O Periquita foi o vinho que mudou o paradigma do que é um castelão bem feito, com muito cuidado na vinha para evitar a sobreprodução. Hoje o Periquita normal já não é um vinho de guarda, mas o Superyor ainda é um óptimo exemplo do que é um castelão. Ficaria curioso por provar um daqui a 40 anos.

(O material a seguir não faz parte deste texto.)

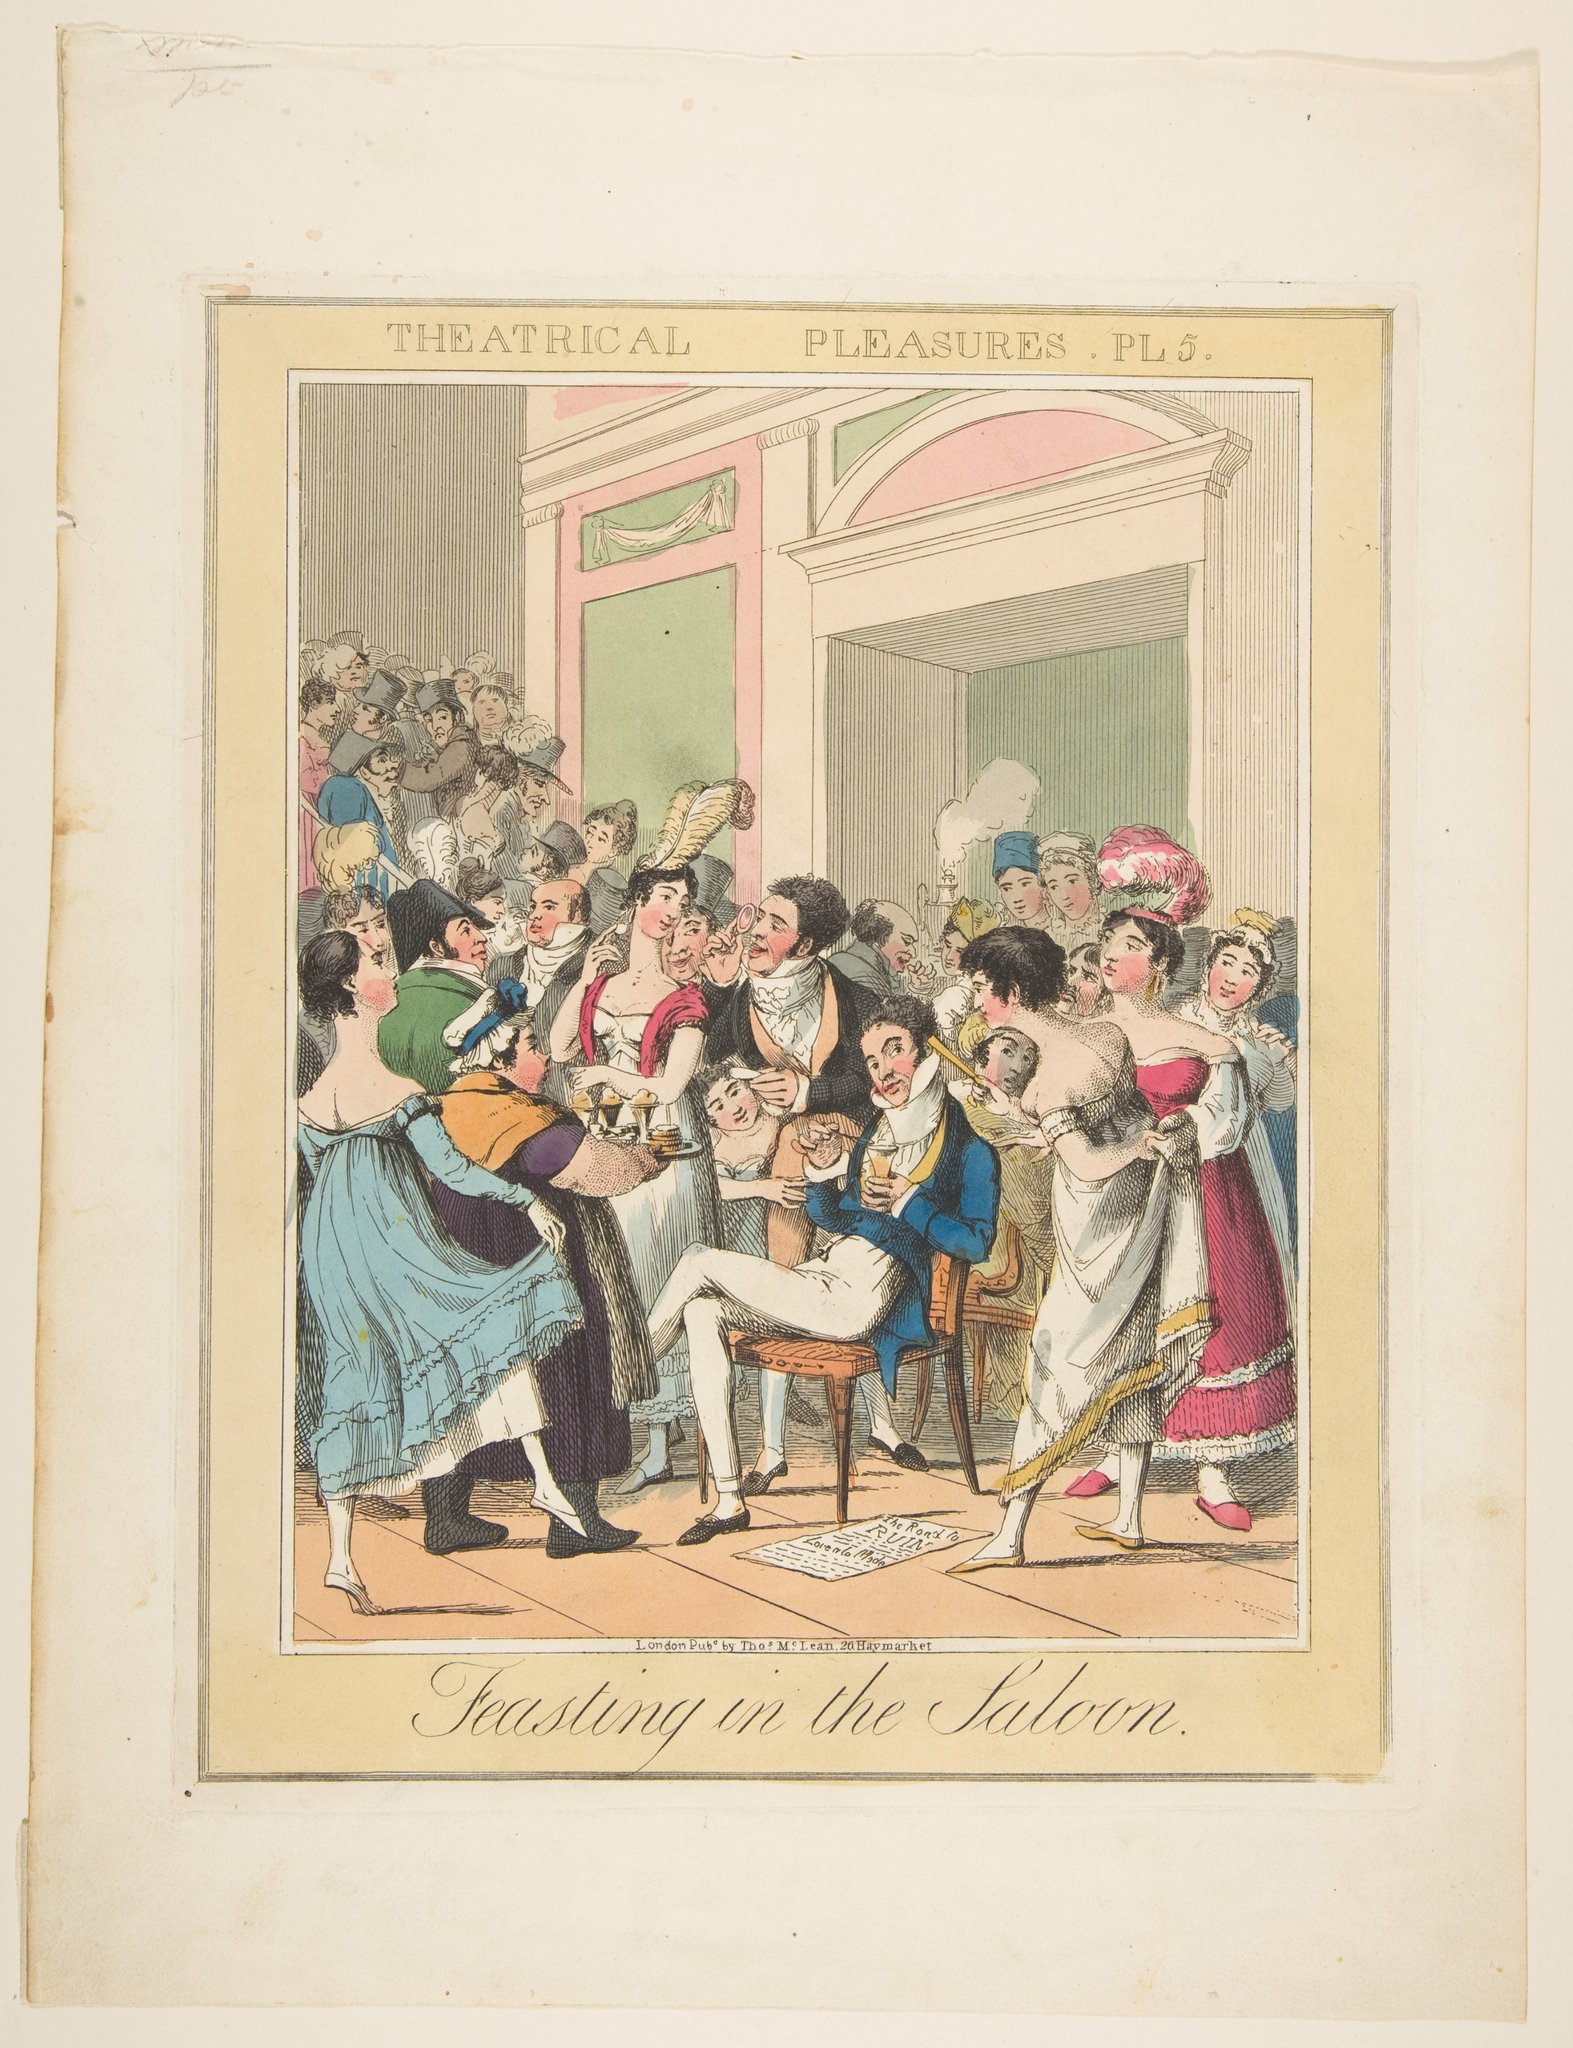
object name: print
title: Theatrical Pleasures, Plate 5: Feasting in the Saloon
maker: theodore lane
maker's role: artist
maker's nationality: british
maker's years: 1800-1828
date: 1835
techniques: etching
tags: men,women

Garrafeira 2012, Quinta do Piloto
É de vinhas muito velhas. Esteve 16 meses em barrica, cinco anos em garrafa, e foi lançado em 2019. Um bom castelão – em paralelo com muitas boas castas – ganha seu potencial máximo com o tempo em garrafa. Em 2019 estava numa forma soberba. Na altura foi uma grande surpresa, os monovarietais de castelão eram bons, mas ainda não me tinham descoberto tanto assim. Estava a provar um vinho com sete anos cheio de vida, cheio de fruta, parecia ter sido engarrafado há um ano ou dois. Isto é normal dos grandes, grandes vinhos. Tanta jovialidade, tanta fruta, tanta intensidade, mas já com toques que não aparecem quando o vinho é muito novo.

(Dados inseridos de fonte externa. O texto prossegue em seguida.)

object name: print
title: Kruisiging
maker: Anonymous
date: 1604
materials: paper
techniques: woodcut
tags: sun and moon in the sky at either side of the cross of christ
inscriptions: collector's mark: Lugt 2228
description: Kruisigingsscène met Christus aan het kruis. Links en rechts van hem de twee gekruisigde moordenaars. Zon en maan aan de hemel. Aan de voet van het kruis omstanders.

A Quinta do Piloto apostou num vinho que decidiu guardar e levou-o para o mercado já guardado. É um factor muito importante, porque nem o cliente nem os restaurantes têm oportunidade de guardar vinhos. Ou já vem com alguma idade, e o cliente paga essa idade, ou é consumido muito jovem e nunca chega a mostrar todo o seu potencial.
Trilogia / Torna-Viagem, José Maria da Fonseca
No Moscatel, como em qualquer bom fortificado, a idade é importante. O trabalho feito por José Maria da Fonseca é de extrema importância para a prova da capacidade de envelhecimento e para o incremento da qualidade.
Há dois que me marcaram imenso. O Trilogia, que é um mistura de 1900, 1934 e 1965. Custava cento-e-tal euros, mesmo assim muito barato para o vinho que era, hoje ronda os 300, altamente justificáveis. É um vinho que muda completamente o paradigma do que pode ser um moscatel de Setúbal.
O outro é o Torna-Viagem, que só o provei duas vezes. É um nicho dentro dos moscatéis, poucas pessoas o provaram. Inicialmente nasceu por ter sido transportado para o Brasil e regressado a Portugal. A ida e a volta mudaram não, não apenas as diferenças de variação, de temperatura, mas o fato de estar em constante movimento no barco. Décadas mais tarde, estava fantástico. Hoje continua a haver vinhos que vão e voltam, para que esta história se continue a contar.
É claro que existem outros moscatéis importantes e não precisamos de gastar 300 euros numa garrafa para ter um moscatel extraordinário. Há moscatéis com 5, 10, 20 anos que são fenomenais e que custam bem menos.
Depoimento recolhido e editado por João Mestre
Este artigo foi publicado no n.º 8 da revista Solo.